Birtakım alengirli işler ÖSYM Başkanı Ali Demir’in bilgisi dışında yürüyor olabilir.
Bir başka kuşku bulutu da olduğu yerde duruyor... 17 okulda kız öğrenciler neden belli sınıflarda toplandı? Bu emri kim verdi, neden verdi?
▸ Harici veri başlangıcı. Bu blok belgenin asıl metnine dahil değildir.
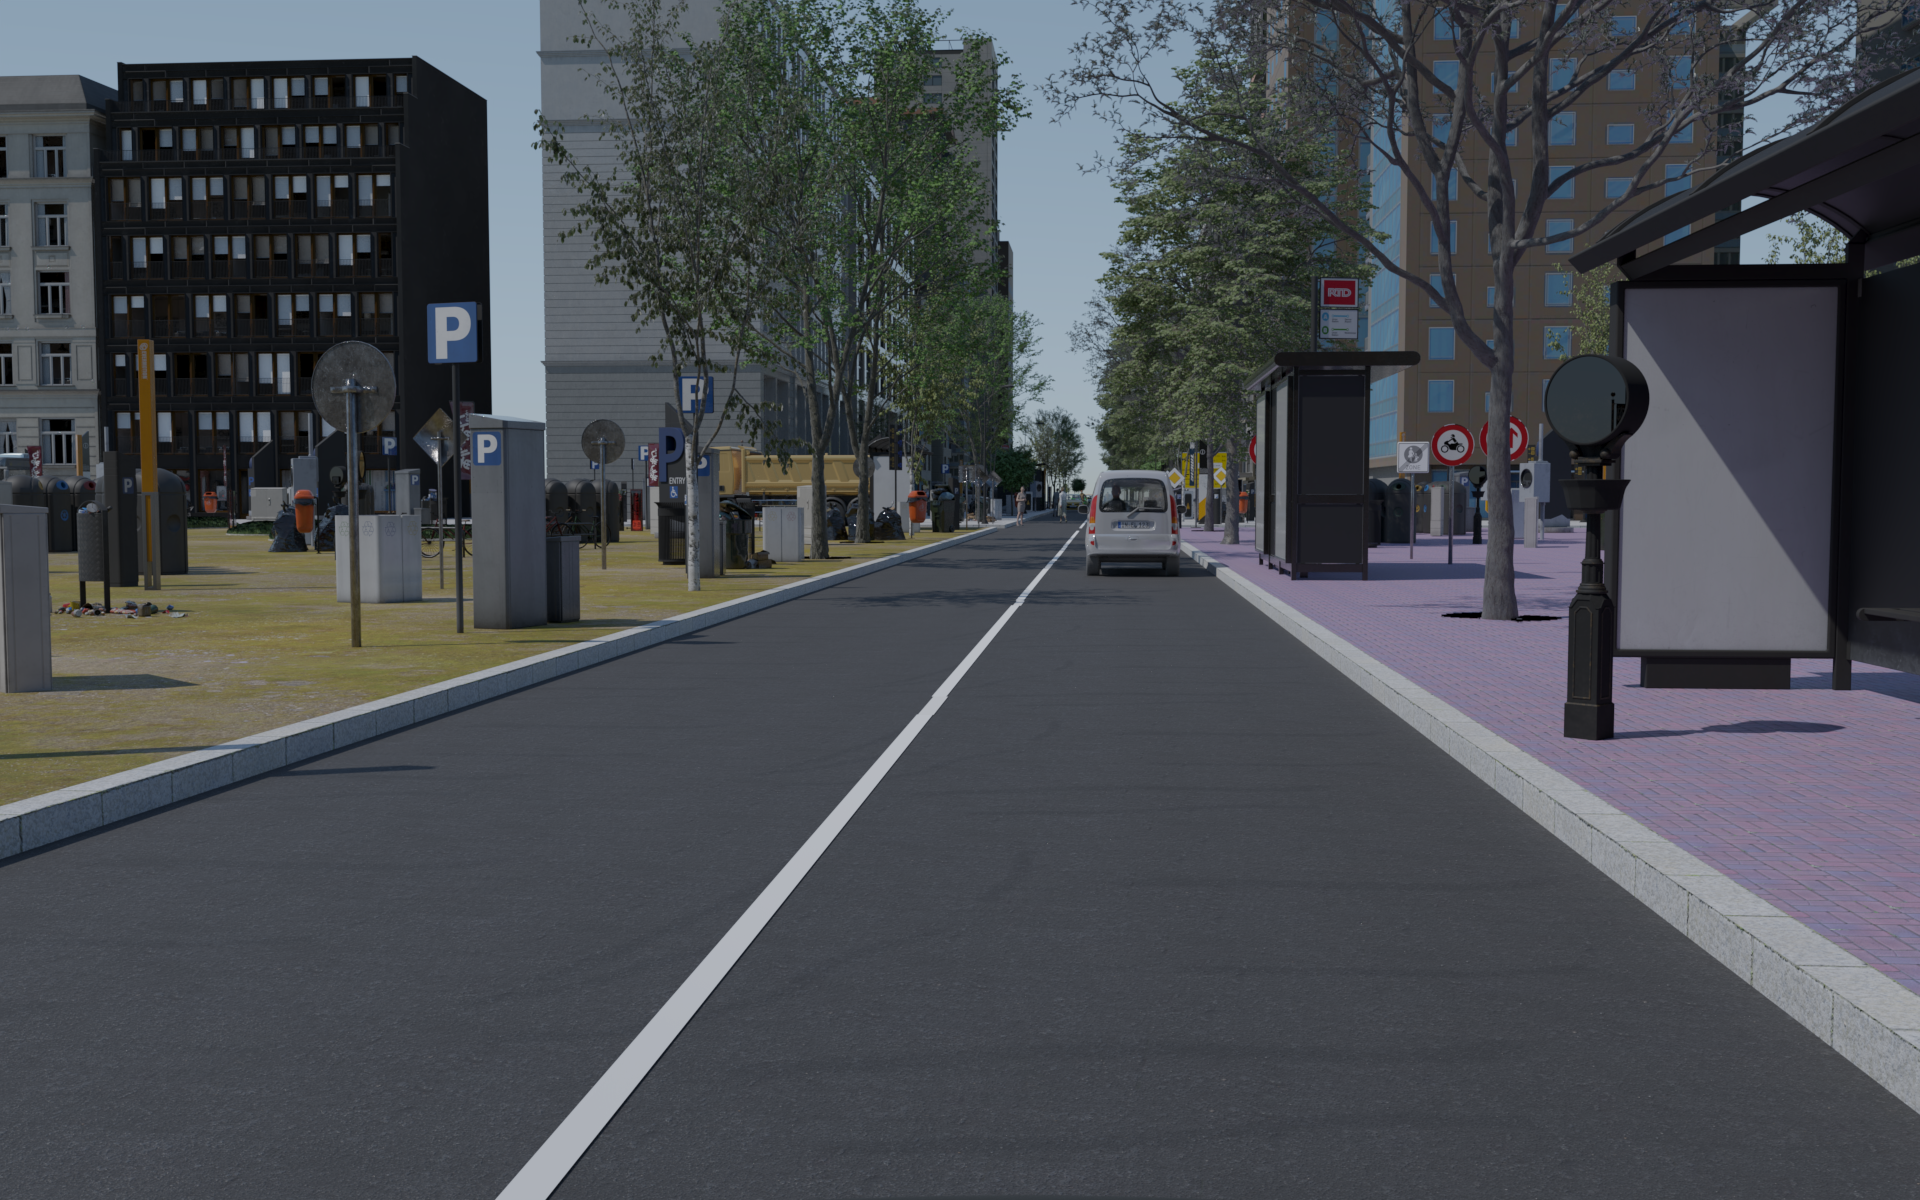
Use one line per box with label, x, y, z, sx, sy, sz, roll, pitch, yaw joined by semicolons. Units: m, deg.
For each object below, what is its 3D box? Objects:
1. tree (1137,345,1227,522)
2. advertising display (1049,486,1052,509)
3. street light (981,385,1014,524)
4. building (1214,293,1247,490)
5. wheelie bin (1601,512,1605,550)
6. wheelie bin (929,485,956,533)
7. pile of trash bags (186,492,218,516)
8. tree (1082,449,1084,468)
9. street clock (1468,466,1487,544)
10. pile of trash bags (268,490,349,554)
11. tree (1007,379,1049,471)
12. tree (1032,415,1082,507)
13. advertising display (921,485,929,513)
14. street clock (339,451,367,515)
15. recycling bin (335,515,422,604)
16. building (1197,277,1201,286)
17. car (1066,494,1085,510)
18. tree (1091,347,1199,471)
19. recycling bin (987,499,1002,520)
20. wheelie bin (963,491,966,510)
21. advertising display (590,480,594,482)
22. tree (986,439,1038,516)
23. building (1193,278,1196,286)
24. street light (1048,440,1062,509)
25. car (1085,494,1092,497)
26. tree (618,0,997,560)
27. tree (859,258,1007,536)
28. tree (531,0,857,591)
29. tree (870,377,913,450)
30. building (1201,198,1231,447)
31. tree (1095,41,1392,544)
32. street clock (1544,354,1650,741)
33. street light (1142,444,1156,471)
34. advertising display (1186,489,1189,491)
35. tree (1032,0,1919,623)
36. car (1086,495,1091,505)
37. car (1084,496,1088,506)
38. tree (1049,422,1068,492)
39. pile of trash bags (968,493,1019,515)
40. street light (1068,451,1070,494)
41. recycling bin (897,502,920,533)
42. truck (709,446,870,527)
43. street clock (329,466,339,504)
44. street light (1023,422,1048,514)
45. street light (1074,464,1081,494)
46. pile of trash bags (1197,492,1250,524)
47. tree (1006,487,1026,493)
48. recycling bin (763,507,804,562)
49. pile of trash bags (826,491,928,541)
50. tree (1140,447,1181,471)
tree;10.448;-7.937;80.136;4.360;8.622;3.978;0;3;0
advertising display;7.555;-8.542;144.879;0.123;1.923;0.974;1;4;11
street light;1.603;-6.193;73.793;1.470;5.913;1.316;0;4;5
building;43.365;-29.137;248.093;14.160;30.474;14.107;0;4;5
wheelie bin;14.804;-1.937;39.579;0.693;1.594;0.980;-1;4;-12
wheelie bin;-0.574;-3.051;57.790;0.980;1.594;0.693;3;5;41
pile of trash bags;-35.118;-4.181;78.119;3.447;1.369;1.912;0;4;5
tree;13.303;-16.236;215.816;4.360;8.622;3.978;0;3;0
street clock;13.270;-2.434;44.373;0.471;2.002;0.358;2;4;34
pile of trash bags;-14.443;-1.759;38.518;1.912;1.369;3.447;-1;4;-17
tree;1.543;-8.851;95.074;4.737;8.622;4.395;0;3;0
tree;8.331;-12.838;160.263;4.360;8.622;3.978;0;3;0
advertising display;-2.378;-6.959;118.997;0.123;1.923;0.974;2;4;27
street clock;-10.116;-1.497;29.054;0.358;2.002;0.471;0;4;-6
recycling bin;-6.929;-0.496;20.661;0.722;1.027;0.722;2;4;25
building;45.913;-38.768;283.967;14.600;45.320;14.200;0;4;5
car;9.121;-7.931;139.891;2.015;1.641;3.980;0;4;3
tree;14.283;-13.620;129.339;9.857;13.997;8.962;0;3;0
recycling bin;1.628;-4.542;86.813;0.722;1.027;0.722;2;4;30
wheelie bin;0.065;-7.923;137.441;0.693;1.594;0.980;-3;5;-41
advertising display;-15.986;-4.392;77.017;0.974;1.923;0.123;-3;5;-39
tree;3.084;-7.220;101.757;4.285;4.588;4.351;0;3;0
building;46.939;-37.594;298.262;14.154;41.232;14.086;0;4;5
street light;8.139;-10.858;150.072;1.470;5.913;1.316;0;4;5
car;16.402;-12.895;221.061;2.015;1.641;3.980;0;4;4
tree;-2.656;-6.621;34.011;9.928;11.665;9.643;0;3;0
tree;-1.258;-6.296;53.300;4.737;8.622;4.395;0;3;0
tree;-3.470;-4.413;22.515;4.360;8.622;3.978;0;3;0
tree;-4.766;-9.303;102.465;4.360;8.622;3.978;0;3;0
building;48.141;-39.269;265.746;21.300;48.544;21.600;0;4;5
tree;7.116;-7.718;44.315;7.486;12.596;7.792;0;3;0
street clock;3.314;-0.275;9.067;0.358;2.002;0.471;-3;5;-42
street light;11.876;-8.399;109.869;1.470;5.913;1.316;0;4;5
advertising display;19.149;-8.569;145.317;0.123;1.923;0.974;-3;5;-39
tree;5.397;-6.543;17.347;12.009;13.543;11.850;0;3;0
car;14.250;-11.305;197.423;1.945;1.354;3.894;0;4;3
car;12.333;-10.429;179.313;1.959;1.807;4.718;0;4;7
tree;7.624;-13.316;168.072;4.737;8.622;4.395;0;3;0
pile of trash bags;2.173;-5.861;105.587;3.447;1.369;1.912;0;4;5
street light;11.351;-13.193;188.252;1.470;5.913;1.316;0;4;5
recycling bin;-1.727;-2.763;57.732;0.722;1.027;0.722;-1;4;-9
truck;-7.381;-4.564;70.543;9.791;3.379;3.469;0;4;5
street clock;-16.101;-2.471;44.971;0.471;2.002;0.358;2;4;23
street light;4.762;-8.546;112.275;1.470;5.913;1.316;0;4;5
street light;15.162;-15.925;232.920;1.470;5.913;1.316;0;4;5
pile of trash bags;11.871;-4.098;76.756;1.912;1.369;3.447;-1;4;-18
tree;3.455;-7.053;109.919;1.663;3.219;1.824;0;3;0
recycling bin;-3.353;-1.247;32.942;0.722;1.027;0.722;0;4;0
pile of trash bags;-2.268;-2.388;48.793;3.447;1.369;1.912;-3;5;-43
tree;13.662;-8.079;115.806;4.285;4.588;4.351;0;3;0

Bu soruya da bir türlü mantıklı yanıt gelmiyor.
Tarkan ve diğerleri
Tarkan’ın Emniyet’te çekilmiş fotoğrafının altında şöyle bilgi:
“Türk medyasının iki uzman polis muhabirinden olay yaratacak kitap... Akşam’dan Önder Şuşoğlu ile ATV’den Emrullah Erdinç’in kaleme aldığı ‘Etiler Koğuşu 2’, sanat ve magazin dünyasını ikinci kez sarsacak. Kitapta, Narkotik Şube’ye yolu düşen birbirinden ünlü isimlerin ifadelerinden şok detaylar yer alıyor. Geçen yıl uyuşturucu operasyonu sonrası gözaltına alınan Tarkan’ın, Emniyet’te çekilmiş ‘adli’ fotoğrafı da ilk kez bu kitapta yayımlanıyor..”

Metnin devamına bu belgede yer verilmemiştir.